The Constellation was one of the most advanced aircraft of the day. Designed by Lockheed with help from world-famous aviator Howard Hughes, it could cruise at 350 knots and travel three thousand miles without refueling. Had they picked Tarasov up a little farther west, Hudson would have gone for Newfoundland or Boston without stopping.

He turned to check his heading. He was crabbing to the north more than he intended. He went to correct the turn and felt a spell of dizziness. He leveled off, just as a warning light came on.

The generator in the number 1 engine was going, and the engine was running extremely rough. A moment later the number 2 engine began to cut out, and the main electrical warning light came on.

Hudson tried to concentrate. He felt light-headed and groggy as if he’d been drugged. He grabbed his shoulder where the bullet had hit him. The wound was painful, but he couldn’t tell how much blood he was losing.

On the instrument panel in front of him, the artificial horizon — an instrument pilots use to keep wings level when they can’t see outside — was tumbling. Beside it the directional gyro was tumbling.

Somehow the aircraft was failing simultaneously with Hudson’s own body.
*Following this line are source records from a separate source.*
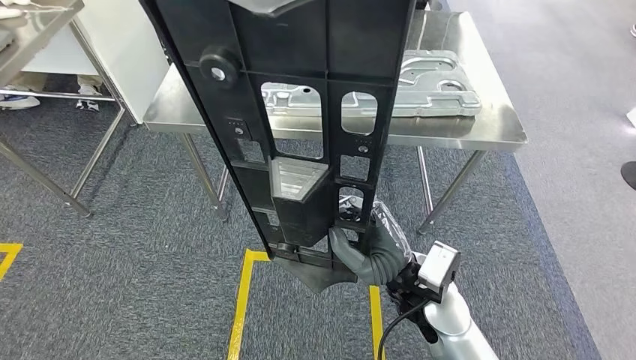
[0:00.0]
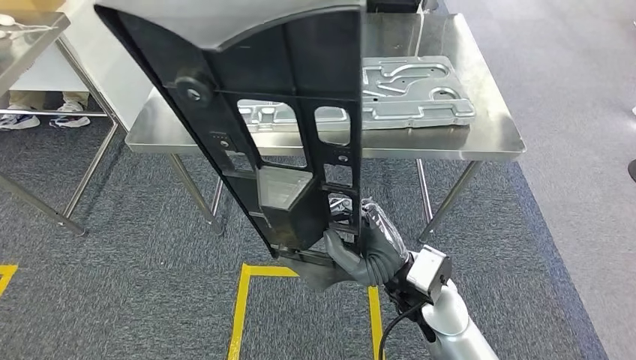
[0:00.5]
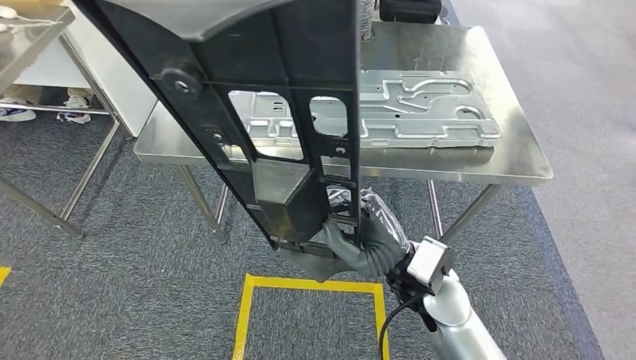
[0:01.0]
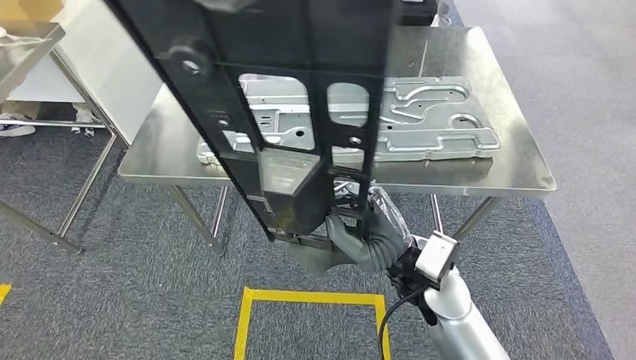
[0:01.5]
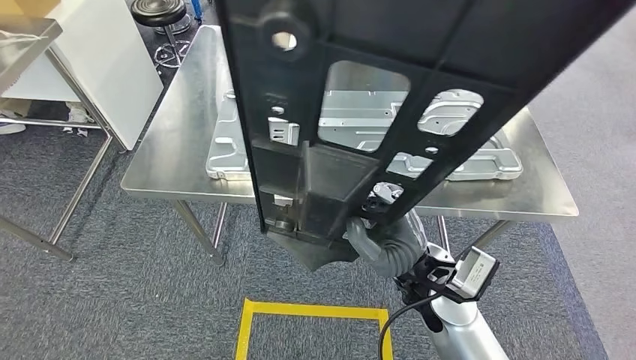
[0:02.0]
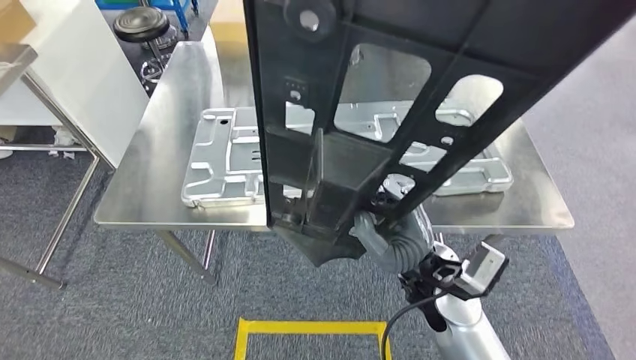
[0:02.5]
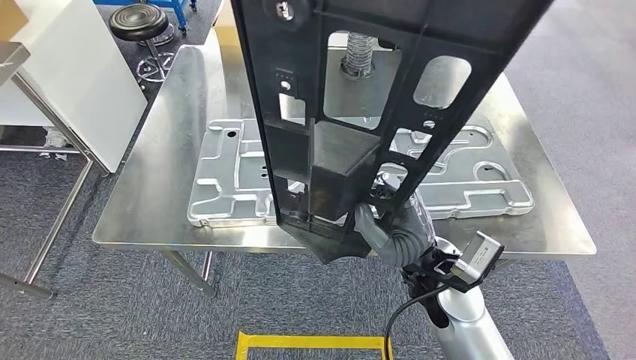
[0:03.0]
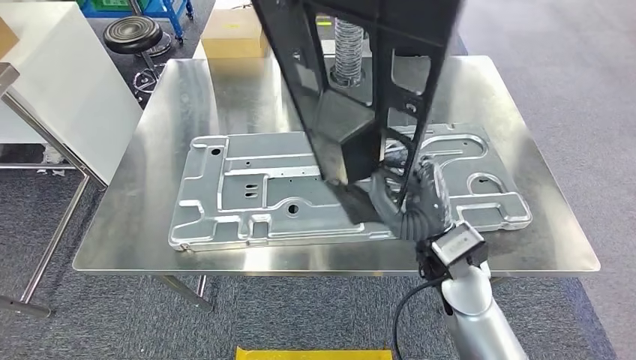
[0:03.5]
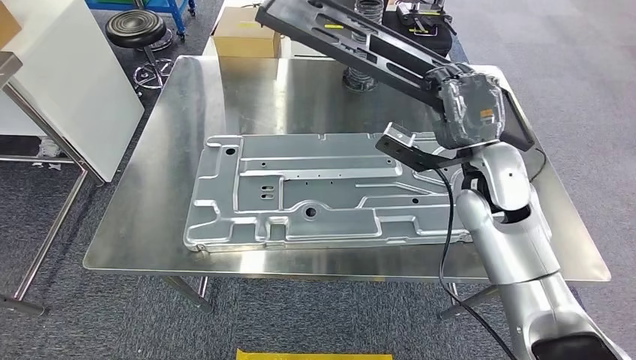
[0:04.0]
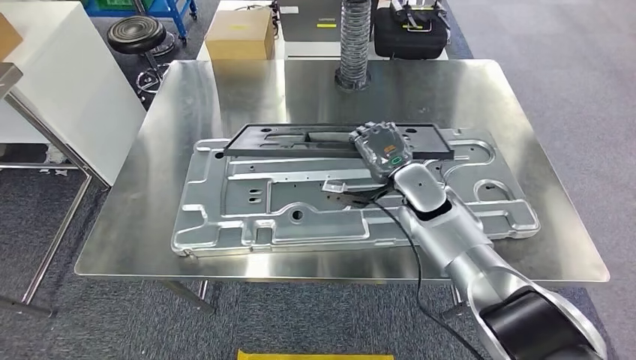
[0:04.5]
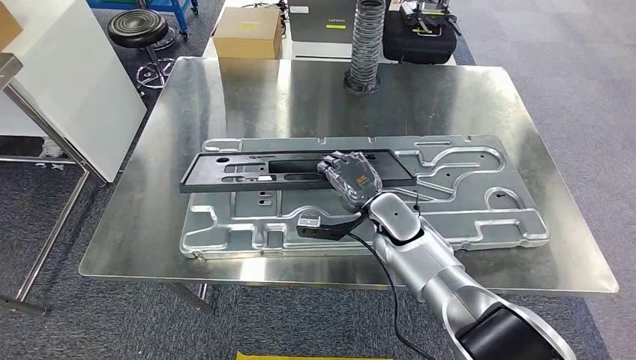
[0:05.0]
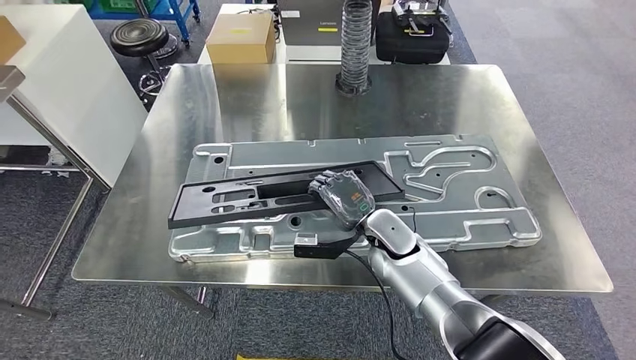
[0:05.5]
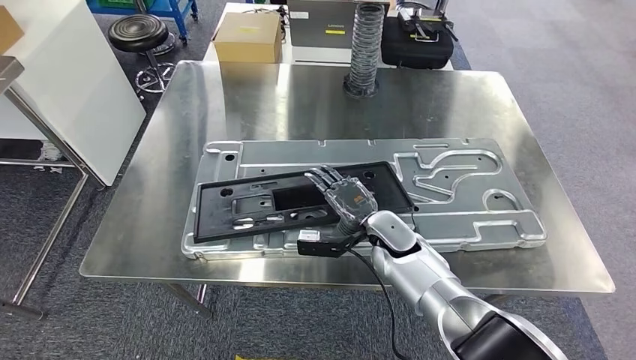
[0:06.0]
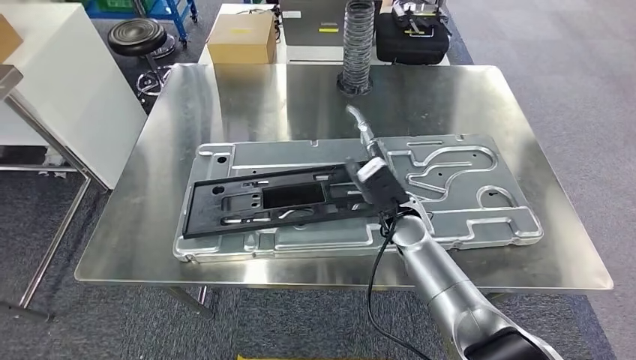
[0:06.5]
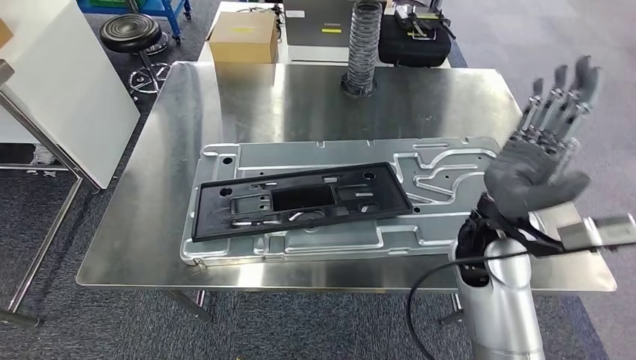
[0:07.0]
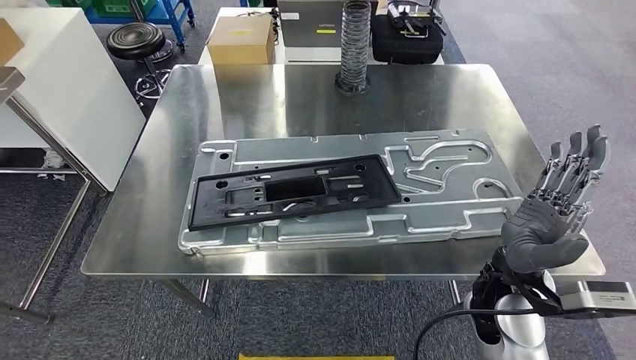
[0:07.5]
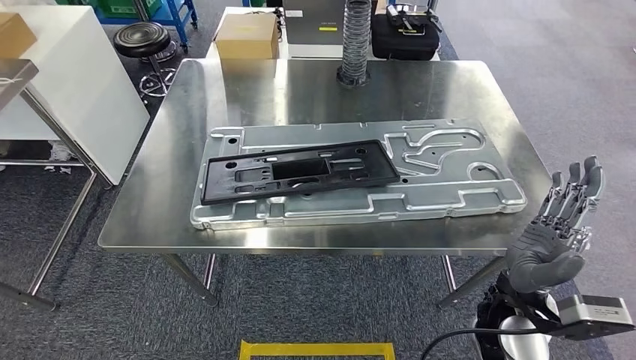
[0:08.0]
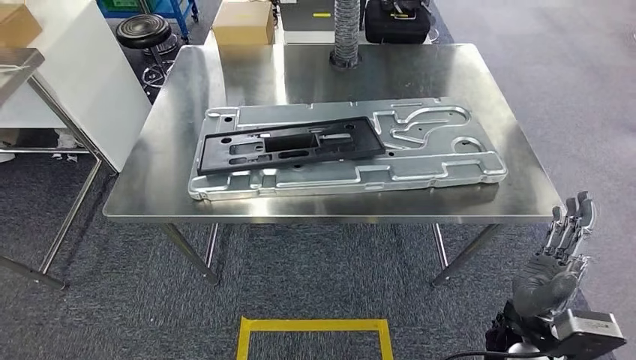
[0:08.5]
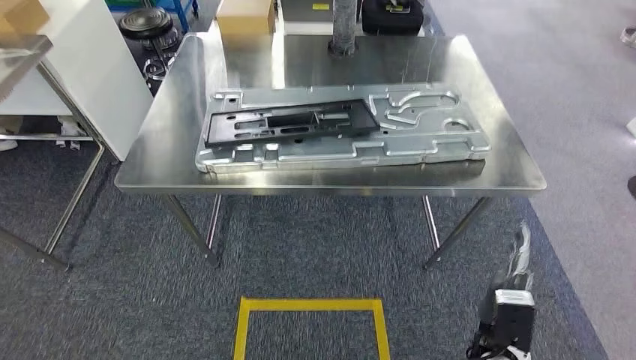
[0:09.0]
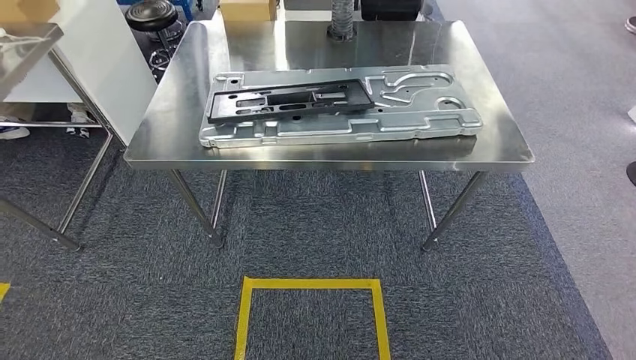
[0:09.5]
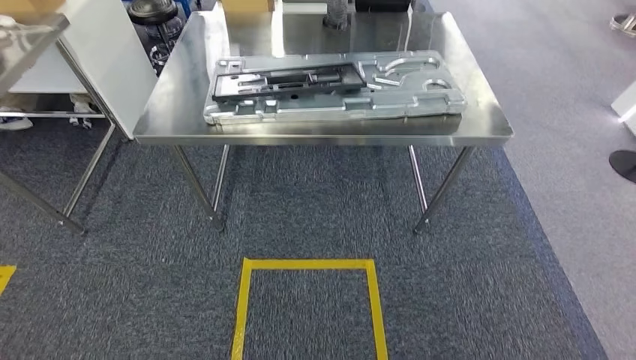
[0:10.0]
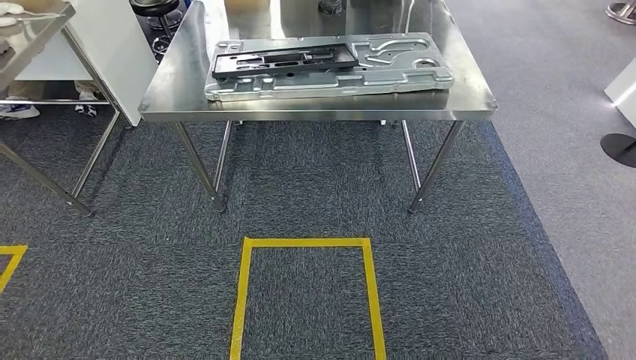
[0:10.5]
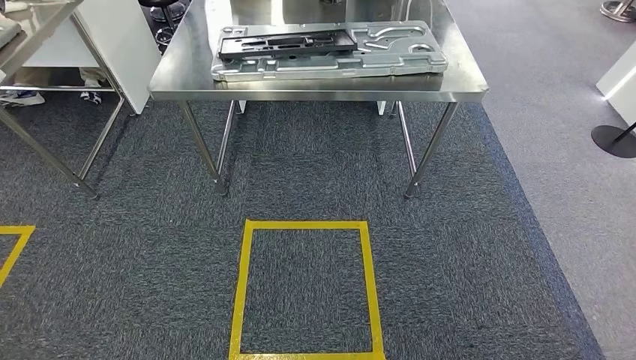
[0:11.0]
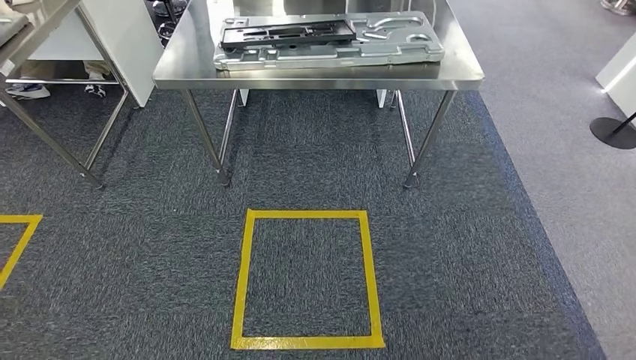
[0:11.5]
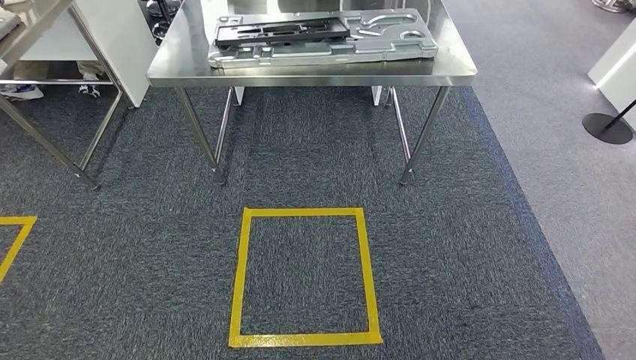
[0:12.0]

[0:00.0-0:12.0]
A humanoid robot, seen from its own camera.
Step, 0:01.5 to 0:08.0: Insert the small parts into the corresponding holes on the workbench.
Step, 0:08.5 to 0:12.0: Move to the initial position at the workbench.

Hudson looked up at the old compass, the ancient instrument that was the pilot’s last resort should everything mechanical go wrong. It showed him in a hard left turn. He tried to level off, but he banked too far in the other direction. The stall horn sounded because his airspeed had dropped, and an instant later the warning lights lit up all over his instrument panel. Just about everything that could flash was flashing. The stall horn blared in his ear. The gear warning sounded.

Lightning flared close enough to blind him, and he wondered if it had hit the plane.

He grabbed the radio, switched to a shortwave band the CIA had given him, and began to broadcast.

“Mayday, Mayday, Mayday,” he said. “This is—”

The plane jerked to the right and then the left. The lightning snapped again, a million-volt spark going off right in front of his eyes. He felt a shock through the radio and dropped the microphone like a hot potato. It swung beneath the panel on its cord.

Hudson reached for the microphone. He missed. He leaned farther forward and tried again, stretching, and then grasping it with his fingertips. He pulled it back ready to broadcast again.